• PROVIDED MATERIAL:
■ ■ ■ ■

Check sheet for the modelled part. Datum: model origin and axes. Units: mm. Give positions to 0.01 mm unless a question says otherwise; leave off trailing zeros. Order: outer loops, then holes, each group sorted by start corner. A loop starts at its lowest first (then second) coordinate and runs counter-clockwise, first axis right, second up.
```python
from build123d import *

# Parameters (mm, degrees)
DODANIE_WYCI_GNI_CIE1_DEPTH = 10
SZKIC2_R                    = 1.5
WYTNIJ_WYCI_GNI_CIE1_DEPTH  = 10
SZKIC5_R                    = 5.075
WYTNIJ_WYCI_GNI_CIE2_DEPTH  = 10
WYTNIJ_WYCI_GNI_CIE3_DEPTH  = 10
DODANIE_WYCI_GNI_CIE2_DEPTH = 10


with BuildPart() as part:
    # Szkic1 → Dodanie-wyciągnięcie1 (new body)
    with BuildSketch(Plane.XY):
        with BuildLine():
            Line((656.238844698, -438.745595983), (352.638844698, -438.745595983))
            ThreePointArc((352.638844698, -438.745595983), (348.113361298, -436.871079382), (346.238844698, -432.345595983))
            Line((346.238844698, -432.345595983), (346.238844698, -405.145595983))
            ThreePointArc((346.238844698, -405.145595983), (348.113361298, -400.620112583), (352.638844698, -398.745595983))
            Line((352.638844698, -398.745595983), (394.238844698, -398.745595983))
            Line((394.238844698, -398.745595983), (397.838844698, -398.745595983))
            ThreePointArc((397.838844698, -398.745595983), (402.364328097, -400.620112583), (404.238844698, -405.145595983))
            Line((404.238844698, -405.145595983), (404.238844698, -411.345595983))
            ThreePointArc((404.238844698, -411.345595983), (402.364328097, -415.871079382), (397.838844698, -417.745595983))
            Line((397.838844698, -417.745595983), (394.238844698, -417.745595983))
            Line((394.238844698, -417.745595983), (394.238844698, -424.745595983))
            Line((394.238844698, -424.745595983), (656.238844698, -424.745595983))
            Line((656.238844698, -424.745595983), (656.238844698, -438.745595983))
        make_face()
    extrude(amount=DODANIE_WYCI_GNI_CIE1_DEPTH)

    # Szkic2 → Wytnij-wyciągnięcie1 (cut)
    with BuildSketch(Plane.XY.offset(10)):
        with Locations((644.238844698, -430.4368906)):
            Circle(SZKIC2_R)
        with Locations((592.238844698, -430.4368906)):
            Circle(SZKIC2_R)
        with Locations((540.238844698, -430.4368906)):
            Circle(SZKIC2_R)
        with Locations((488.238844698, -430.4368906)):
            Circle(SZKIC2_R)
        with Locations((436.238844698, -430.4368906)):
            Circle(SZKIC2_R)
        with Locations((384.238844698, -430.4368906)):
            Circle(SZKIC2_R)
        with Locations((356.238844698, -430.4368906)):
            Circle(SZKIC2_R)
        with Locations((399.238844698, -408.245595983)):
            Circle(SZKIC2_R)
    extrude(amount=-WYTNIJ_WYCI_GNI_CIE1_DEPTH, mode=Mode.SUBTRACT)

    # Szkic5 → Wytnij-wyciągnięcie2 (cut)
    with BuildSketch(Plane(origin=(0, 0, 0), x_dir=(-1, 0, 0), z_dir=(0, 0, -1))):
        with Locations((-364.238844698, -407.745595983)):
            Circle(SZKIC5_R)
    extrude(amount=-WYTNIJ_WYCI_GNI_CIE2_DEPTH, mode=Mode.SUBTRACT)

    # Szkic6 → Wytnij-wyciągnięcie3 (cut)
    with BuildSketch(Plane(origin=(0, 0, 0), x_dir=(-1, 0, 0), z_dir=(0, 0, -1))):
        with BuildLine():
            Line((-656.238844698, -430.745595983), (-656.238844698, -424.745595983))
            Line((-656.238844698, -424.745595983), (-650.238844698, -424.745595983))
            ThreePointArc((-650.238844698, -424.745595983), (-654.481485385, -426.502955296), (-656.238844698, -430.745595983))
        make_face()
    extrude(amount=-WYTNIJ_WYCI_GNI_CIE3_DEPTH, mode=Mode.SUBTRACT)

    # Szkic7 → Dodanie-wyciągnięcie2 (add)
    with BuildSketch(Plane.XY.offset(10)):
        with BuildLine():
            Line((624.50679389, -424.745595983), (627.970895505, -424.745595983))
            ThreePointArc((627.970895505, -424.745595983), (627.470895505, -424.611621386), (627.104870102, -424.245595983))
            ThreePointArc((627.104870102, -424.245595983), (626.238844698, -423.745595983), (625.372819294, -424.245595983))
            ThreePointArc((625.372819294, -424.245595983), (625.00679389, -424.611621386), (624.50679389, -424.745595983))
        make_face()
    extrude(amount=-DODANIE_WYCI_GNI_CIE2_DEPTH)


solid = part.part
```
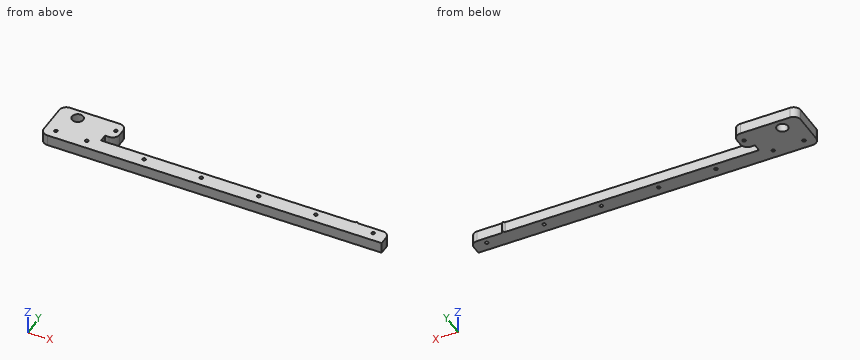
(1) Sectioned sample at B-B (x = 551). Enter the section's corners in (y, z), plus the area to 3 significant figures.
(2) Thickness scan on L1, parallel to Y at x = 396, z = 6.5; L2, parallel to X at y = -408, z = 8.75; L3, parallel to Y at x = 589.5, z = 1.25. Record the ranges inside material, lowest first.
(3) Sectioned sample at A-A (z = 7). Count the separate pieces of the cut face and the enclosed holes in it, plus the area to 3 significant figures.
(4) Go/stop test with flat-tipped pins: P1, Ø1, axis at x = 575.5, z = 2, coming from the +Y side; P2, Ø5.5, axis at y = -420, z = 6.5, coming from the +X side. Record where each tip stops, or that it passes through.
Values follow:
1. outline: (-438.75, 0) - (-424.75, 0) - (-424.75, 10) - (-438.75, 10) - close
1. area: 140 mm2
2. L1: y = -438.75 to -424.75, -417.75 to -398.75
2. L2: x = 346.24 to 359.17, 369.31 to 397.76, 400.72 to 404.24
2. L3: y = -438.75 to -424.75
3. separate pieces: 1
3. enclosed holes: 9
3. area: 5,600 mm2
4. P1: stops at y = -424.75
4. P2: stops at x = 400.31

■ ■ ■ ■

• THE TASK:
List the lines of the records where "SUBTRACT" occurs.

• SOLVED EXERCISE:
    extrude(amount=-WYTNIJ_WYCI_GNI_CIE1_DEPTH, mode=Mode.SUBTRACT)
    extrude(amount=-WYTNIJ_WYCI_GNI_CIE2_DEPTH, mode=Mode.SUBTRACT)
    extrude(amount=-WYTNIJ_WYCI_GNI_CIE3_DEPTH, mode=Mode.SUBTRACT)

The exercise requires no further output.